Zero–Infinity Algebra: Preserving Distinguishability Across Singularities

Many computational and analytical systems encounter structural collapse events, such as absorbing zeros or divergences, under which standard real-valued arithmetic collapses distinct computational histories into indistinguishable outcomes. This loss of distinguishability arises from the numeric substrate rather than from the underlying system being modelled.

We introduce Zero–Infinity Algebra (ZIA), a conservative extension of ? that preserves ordinary real arithmetic away from singularities while retaining structured information across collapse and divergence events. ZIA provides a closed algebraic framework with a totalised division operator, eliminating undefined values and partial operations without ad hoc regularisation.

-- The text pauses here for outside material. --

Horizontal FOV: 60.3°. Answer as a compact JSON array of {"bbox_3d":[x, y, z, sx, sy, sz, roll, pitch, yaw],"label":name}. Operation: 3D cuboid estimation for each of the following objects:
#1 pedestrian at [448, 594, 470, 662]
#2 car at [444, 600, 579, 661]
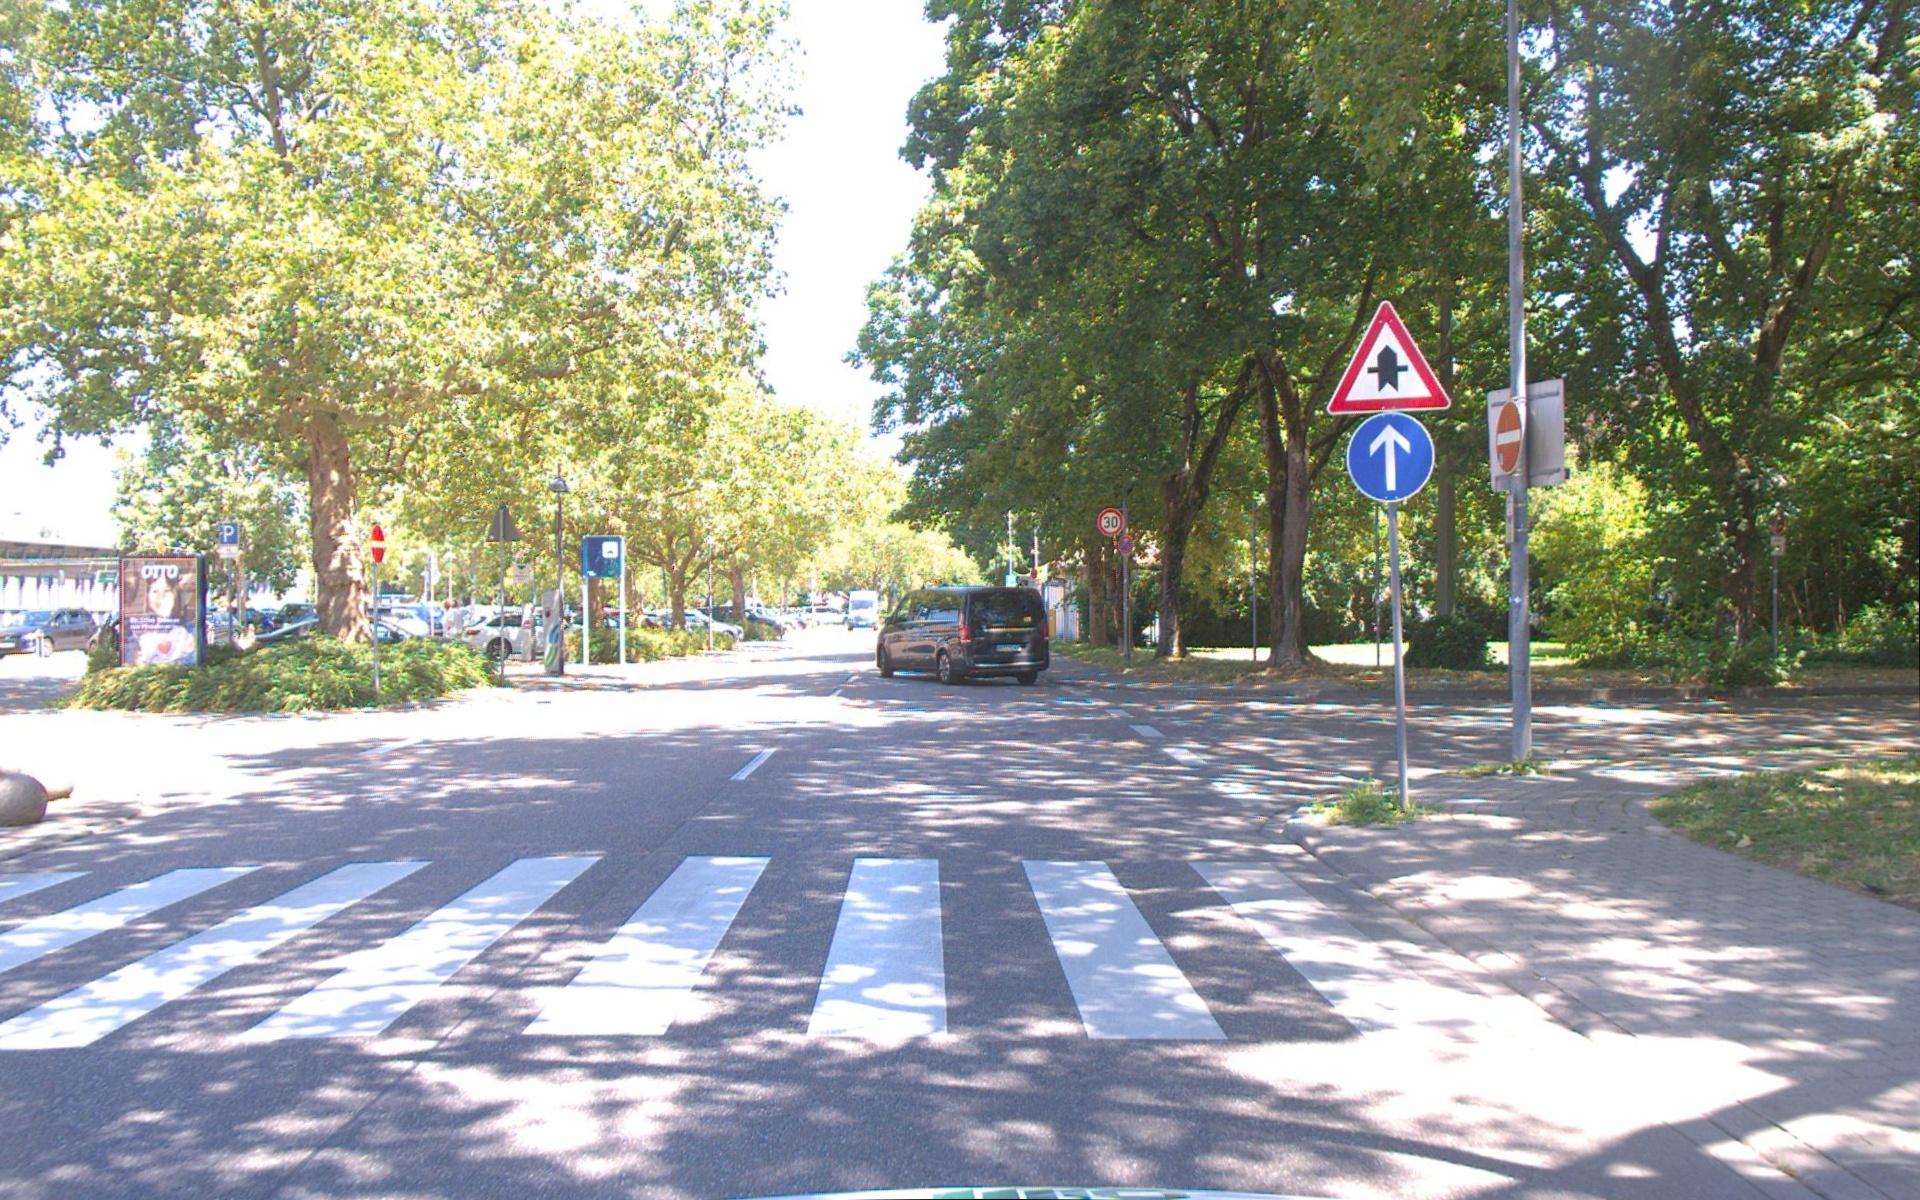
[{"bbox_3d":[-15.076,0.842,49.790,0.614,2.049,0.568,0,-2,-15],"label":"pedestrian"},{"bbox_3d":[-13.967,0.952,51.469,3.927,1.813,1.989,0,-1,-19],"label":"car"}]

To demonstrate the necessity of such structure, we present a minimal example based on probability chains with absorbing zeros. Under standard arithmetic, distinct chains
that contain structurally different zero-probability events collapse to an identical joint probability of zero, destroying information that cannot be recovered by logarithmic transforms or likelihood normalisation. In ZIA, these chains remain distinguishable: collapse is represented explicitly, and ratios between collapsed quantities remain computable.

ZIA thus separates semantic collapse from numeric annihilation, allowing meaningful comparison, inference, and interpretation to persist across regimes where conventional arithmetic fails. The framework is particularly relevant to probabilistic inference pipelines, stabilised likelihood methods, and physical models involving irreversible collapse processes.